> [WORK INSTRUCTIONS]:
Please restate exactly the lines of the data below, beginning with the line containing "Can you please" and ending with the last line.

Recorded data:

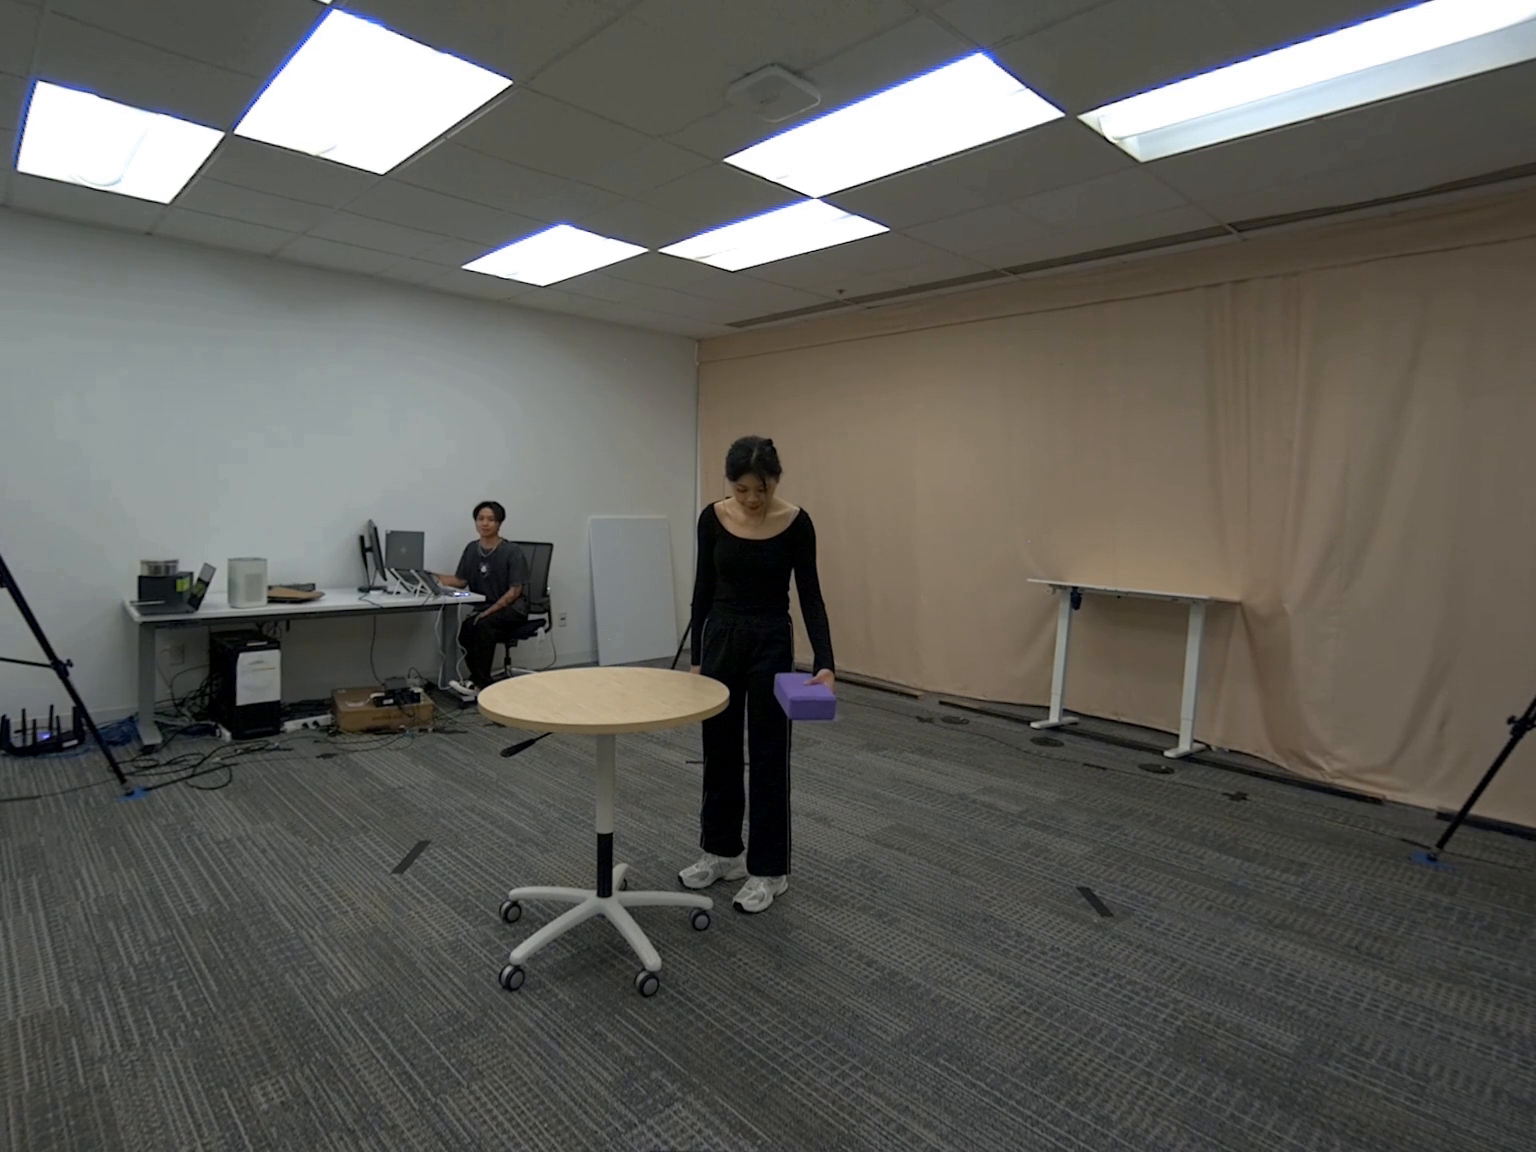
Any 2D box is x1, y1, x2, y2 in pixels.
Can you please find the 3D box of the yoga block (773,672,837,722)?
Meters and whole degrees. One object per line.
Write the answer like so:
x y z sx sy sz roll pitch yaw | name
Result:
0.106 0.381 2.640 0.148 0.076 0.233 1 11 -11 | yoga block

> [EXPECTED ANSWER]:
Can you please find the 3D box of the yoga block (773,672,837,722)?
Meters and whole degrees. One object per line.
Write the answer like so:
x y z sx sy sz roll pitch yaw | name
Result:
0.106 0.381 2.640 0.148 0.076 0.233 1 11 -11 | yoga block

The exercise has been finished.